Смущение пилигримки при этом вопросе мог чувствовать только ее кавалер, который держал в это время ее руку; он должен был даже напомнить ей, что пора начинать фигуру.
Лида едва могла сойти с места.
— Вы успели выпытать тайну мою; впрочем, я не решусь никогда открыть ее только той, которую люблю… без надежды… Согласитесь же теперь, что ваше предостережение было излишнее: Нильская, может быть, и не подозревает, что есть человек, который будет вечно таить чувства свои от нее…
Пилигримка ничего не отвечала; казалось, что она постепенно лишалась своих чувств. К счастию, кадриль скоро кончилась.
— Предскажите же, Кассандра, участь мою! — сказал пилигрим, раскланявшись с Лидой, но провожая ее до места, где сидела ее мать.

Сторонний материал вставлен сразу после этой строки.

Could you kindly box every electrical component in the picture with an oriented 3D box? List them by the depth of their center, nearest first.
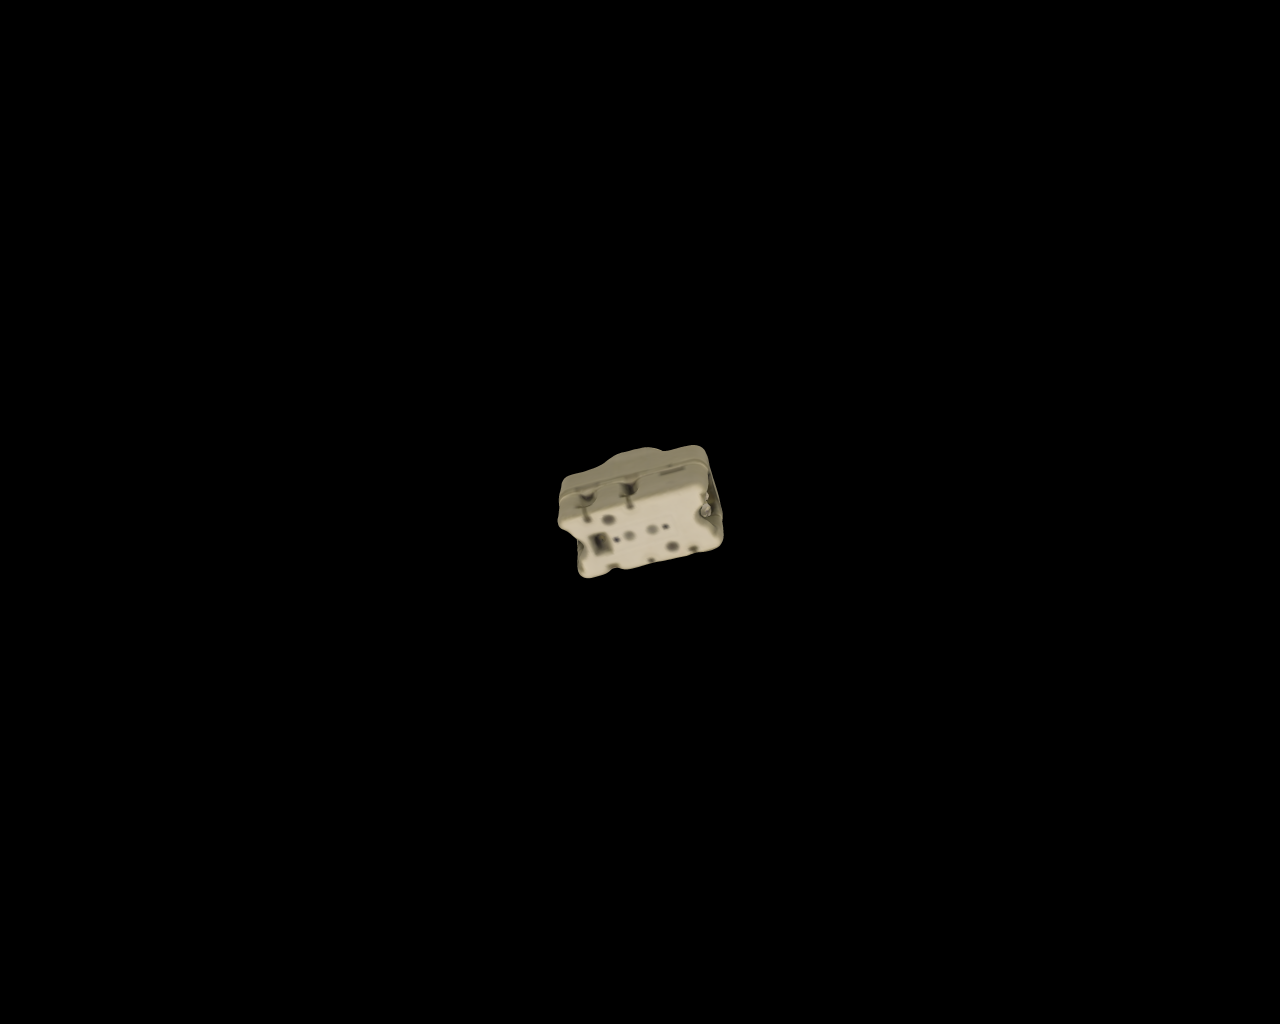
[{"bbox_3d":[0.001,-0.003,0.650,0.089,0.050,0.056,-14,33,9],"label":"electrical component"}]
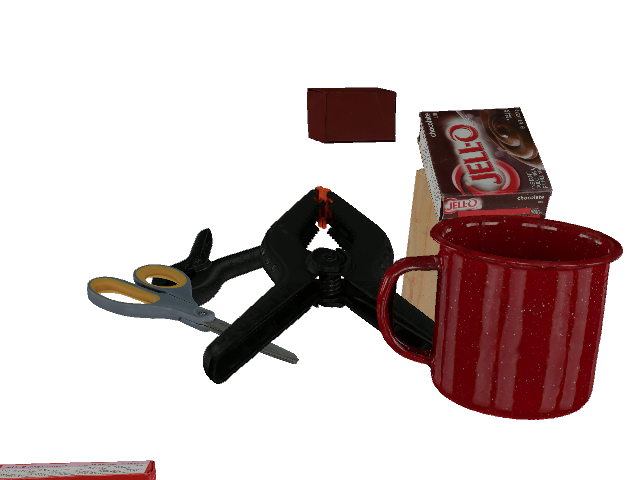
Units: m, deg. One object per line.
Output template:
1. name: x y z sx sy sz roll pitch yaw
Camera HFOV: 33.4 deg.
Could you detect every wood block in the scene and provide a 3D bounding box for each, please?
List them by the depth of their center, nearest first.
1. wood block: 0.153 0.023 1.180 0.090 0.206 0.090 19 25 32

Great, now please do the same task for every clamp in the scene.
1. clamp: 0.016 0.029 0.730 0.164 0.036 0.210 5 34 2
2. clamp: -0.125 0.037 1.212 0.120 0.039 0.171 0 30 30

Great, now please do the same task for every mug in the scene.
1. mug: 0.086 0.037 0.531 0.117 0.081 0.093 2 15 -4

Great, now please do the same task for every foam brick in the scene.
1. foam brick: 0.031 -0.125 1.067 0.078 0.051 0.053 -3 14 -20

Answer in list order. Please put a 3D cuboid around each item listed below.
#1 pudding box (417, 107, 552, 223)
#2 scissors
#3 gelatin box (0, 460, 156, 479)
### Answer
1. pudding box: 0.133 -0.063 0.887 0.090 0.039 0.113 -3 42 -6
2. scissors: -0.096 0.056 0.884 0.202 0.016 0.096 13 24 17
3. gelatin box: -0.131 0.156 0.564 0.089 0.073 0.030 -1 4 -2
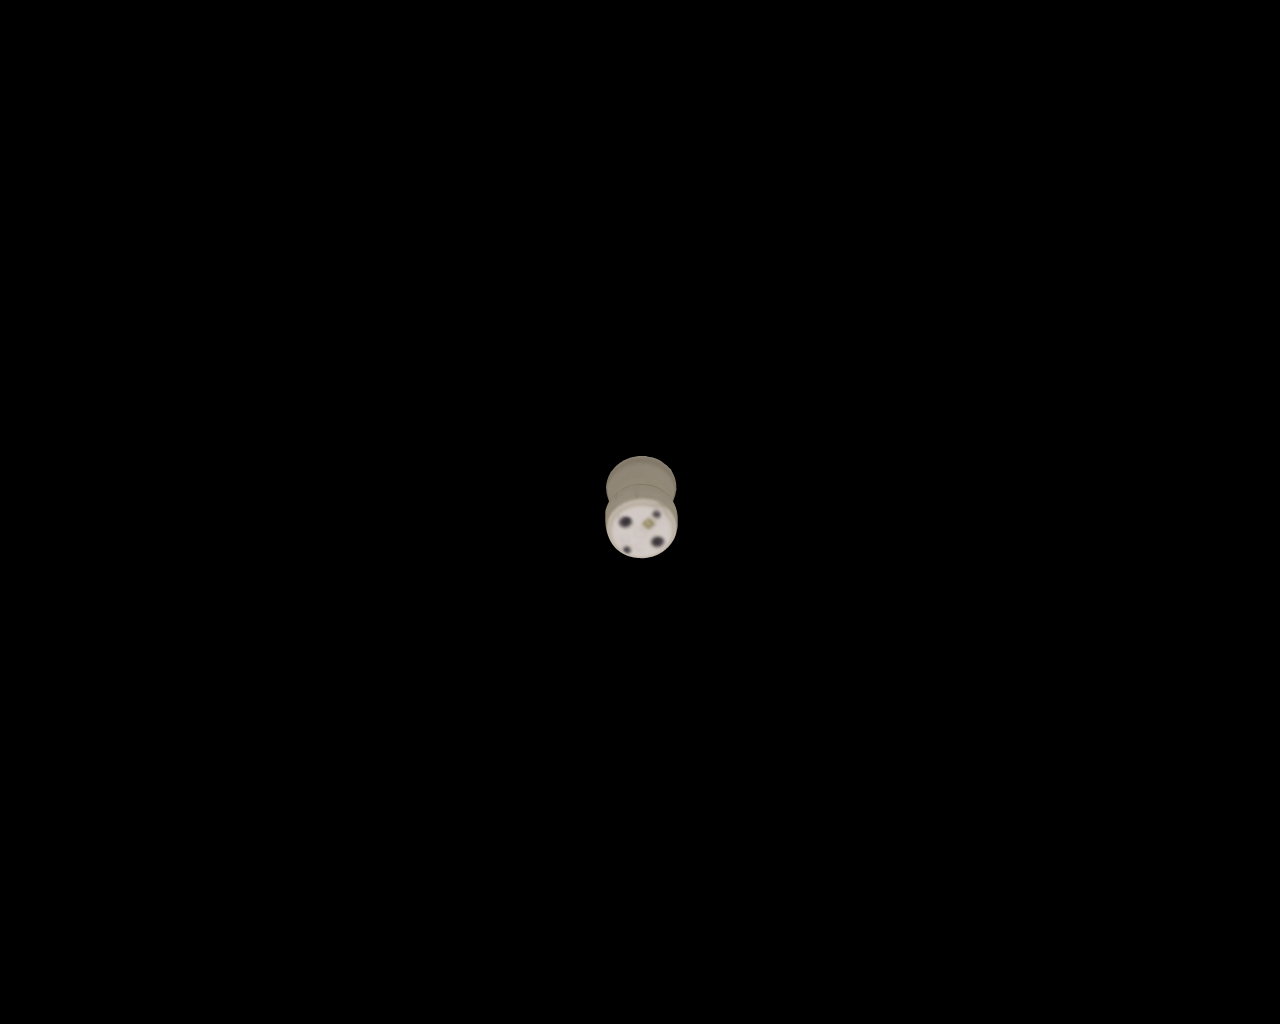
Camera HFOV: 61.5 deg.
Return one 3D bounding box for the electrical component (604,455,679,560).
[{"bbox_3d":[0.001,-0.003,0.650,0.045,0.044,0.055,0,31,0],"label":"electrical component"}]

— За откровенность вашу, — с трудом проговорила она, — и я буду откровенна: я шутила… мне хотелось только знать, кого вы любите…

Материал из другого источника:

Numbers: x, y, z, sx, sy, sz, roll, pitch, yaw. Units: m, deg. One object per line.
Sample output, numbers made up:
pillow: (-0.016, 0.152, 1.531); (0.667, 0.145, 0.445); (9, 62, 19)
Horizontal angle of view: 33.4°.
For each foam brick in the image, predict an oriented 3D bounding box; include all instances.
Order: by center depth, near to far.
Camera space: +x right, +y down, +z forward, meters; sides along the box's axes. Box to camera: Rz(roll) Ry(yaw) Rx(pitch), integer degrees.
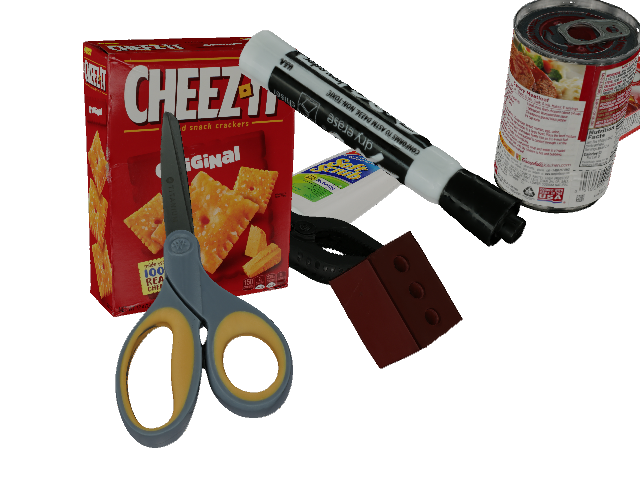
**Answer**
foam brick: (0.055, 0.044, 0.778); (0.052, 0.078, 0.051); (-29, -2, -43)

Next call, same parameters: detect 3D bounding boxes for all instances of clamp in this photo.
clamp: (-0.027, 0.005, 1.072); (0.210, 0.036, 0.164); (20, 34, 6)

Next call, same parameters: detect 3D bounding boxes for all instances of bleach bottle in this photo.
bleach bottle: (0.033, -0.075, 1.350); (0.103, 0.068, 0.250); (25, 43, 34)

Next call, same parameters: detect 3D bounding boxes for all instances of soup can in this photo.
soup can: (0.135, -0.074, 0.594); (0.068, 0.102, 0.068); (0, 41, 0)

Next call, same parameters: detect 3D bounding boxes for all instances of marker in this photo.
marker: (0.021, -0.036, 0.375); (0.121, 0.020, 0.020); (37, 15, 21)

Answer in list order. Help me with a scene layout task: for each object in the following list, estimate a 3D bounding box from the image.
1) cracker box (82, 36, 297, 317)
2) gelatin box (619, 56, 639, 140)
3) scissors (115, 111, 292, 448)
cracker box: (-0.106, -0.055, 0.881); (0.163, 0.214, 0.072); (-7, 21, -28)
gelatin box: (0.206, -0.115, 0.790); (0.073, 0.030, 0.089); (-29, 53, -22)
scissors: (-0.054, 0.014, 0.557); (0.096, 0.201, 0.016); (5, -33, 5)
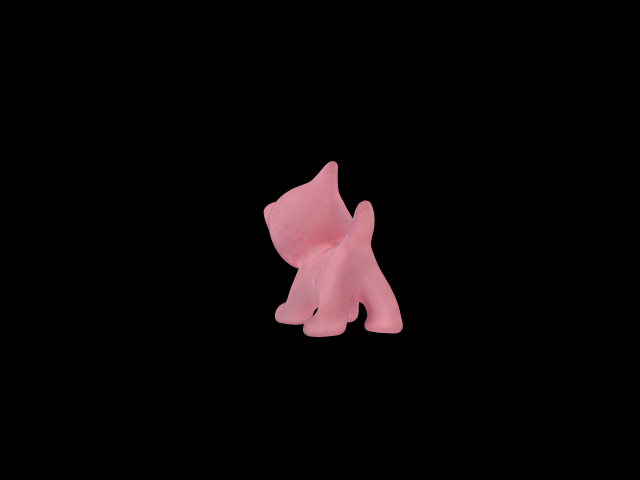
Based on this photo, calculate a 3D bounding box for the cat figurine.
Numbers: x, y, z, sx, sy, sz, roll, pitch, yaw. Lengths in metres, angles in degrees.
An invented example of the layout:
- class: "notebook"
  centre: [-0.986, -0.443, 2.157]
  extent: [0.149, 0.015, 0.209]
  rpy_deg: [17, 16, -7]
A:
- class: "cat figurine"
  centre: [0.004, 0.001, 0.400]
  extent: [0.067, 0.118, 0.127]
  rpy_deg: [0, 0, -24]

Лида подошла к матери; они прошли несколько раз по зале и вдруг скрылись.
— Ай, девочка! — шептал про себя пилигрим. — Про кого бы это она говорила? Верно, не про себя?.. Просто влюблена в Лиманского и хотела испытать, занят ли он кем-нибудь или нет… Теперь она в полной уверенности, что Лиманский тайно ее обожает… Чудная шутка!.. Пусть ее страдает!

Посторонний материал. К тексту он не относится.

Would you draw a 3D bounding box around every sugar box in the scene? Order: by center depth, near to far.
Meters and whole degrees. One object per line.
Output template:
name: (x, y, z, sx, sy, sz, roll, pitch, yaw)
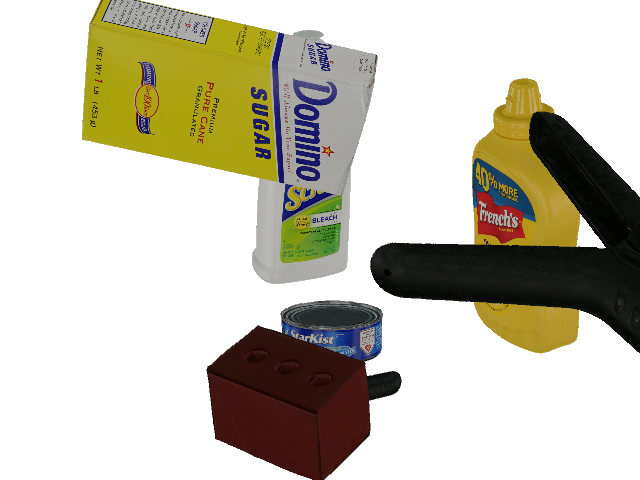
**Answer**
sugar box: (-0.059, -0.091, 0.682, 0.176, 0.093, 0.048, 13, 43, -2)

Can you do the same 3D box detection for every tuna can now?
tuna can: (0.009, 0.077, 0.894, 0.086, 0.034, 0.086, 0, 11, 0)

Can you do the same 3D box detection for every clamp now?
clamp: (0.139, 0.016, 0.491, 0.210, 0.036, 0.164, 32, 50, 32)
clamp: (-0.015, 0.151, 1.084, 0.171, 0.039, 0.120, -24, 35, -37)

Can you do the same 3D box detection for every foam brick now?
foam brick: (-0.018, 0.092, 0.608, 0.078, 0.051, 0.052, 15, 33, 29)

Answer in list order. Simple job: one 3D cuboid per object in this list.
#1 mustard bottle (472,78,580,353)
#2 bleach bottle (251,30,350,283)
mustard bottle: (0.144, -0.022, 0.758, 0.058, 0.192, 0.096, -15, 29, -18)
bleach bottle: (-0.020, -0.084, 1.071, 0.102, 0.251, 0.068, -9, 28, -17)

Можно себе представить положение Лиды: трех слов достаточно, чтоб перепутать все мысли девушки. Ни к одной вольной, пугливой птице не подкрадывался охотник под щитком зелени так близко, как любовь подкралась к сердцу Лиды. Избранная для нее стрела была выточена из ядовитого дерева; кровь закипела, вспыхнула, и Лида, как безумная, безотчетно повторяла только: «Он любит меня! он меня любит!» — и как будто по инстинкту жаждала утолить все чувства противуядием; но оно заключалось на устах Юрия.
Вскоре после рокового для Лиды вторника Бржмитржицкий наслаждался, как демон, успехом своей мистификации. Сердце Лиды для него было уже разгадано, и он видел, как она, таясь от всех, впивалась очами в Лиманского н, в безмолвии то чему-то радуясь, то о чем-то грустя, изменялась в лице, преследовала его в толпе, смущалась, когда он проходил мимо, и обращалась в купу пламени, когда он стоял подле.
— Вот это любовь! это завидная любовь! — думал Бржмитржицкий, злобно улыбаясь. — Хм! мне нет счастья! не только такого глупого, слепого и расточительного, как Лиманскому; но даже рассудительного, умеренного, без излишних претензий!.. Ха! Тысёнц-тысёнцы дьяблов! Эта merry Mary[78] так насмеялась над моим простодушием, что я готов выместить ее презрение на всех неземных существах! Мне нужны только перья этих райских птиц, — одна поплатится за другую!
— Что ты так весело задумался? — спросил Лиманский, подходя к Бржмитржицкому, — верно, выиграл?
— Нет, князь, совсем не весело: думаю отправиться из Москвы. Нет счастья ни в невестах, ни в картах!
Кстати, должно сказать, что Лиманский случайно познакомился с Бржмитржицким в Бердичеве; знал его ремесло, но считал добрым малым; он в самом деле был добр для всех, с кем ни садился играть в карты: был уступчив, снисходителен, даже честен, потому что карточный долг для него был важное дело: он готов был отдать на уплату его не только все движимое и недвижимое именье, но даже носильное платье, которое и по законам не идет в уплату. Поговаривали, что он нечисто играет; однако ж никто не поймал его в шулерстве; притом же, садясь метать, он всегда, шутя или не шутя, сам говорил: «Господа, прошу смотреть в оба, а не то передерну; кто меня поймает, тому отвечаю всем, что есть на столе».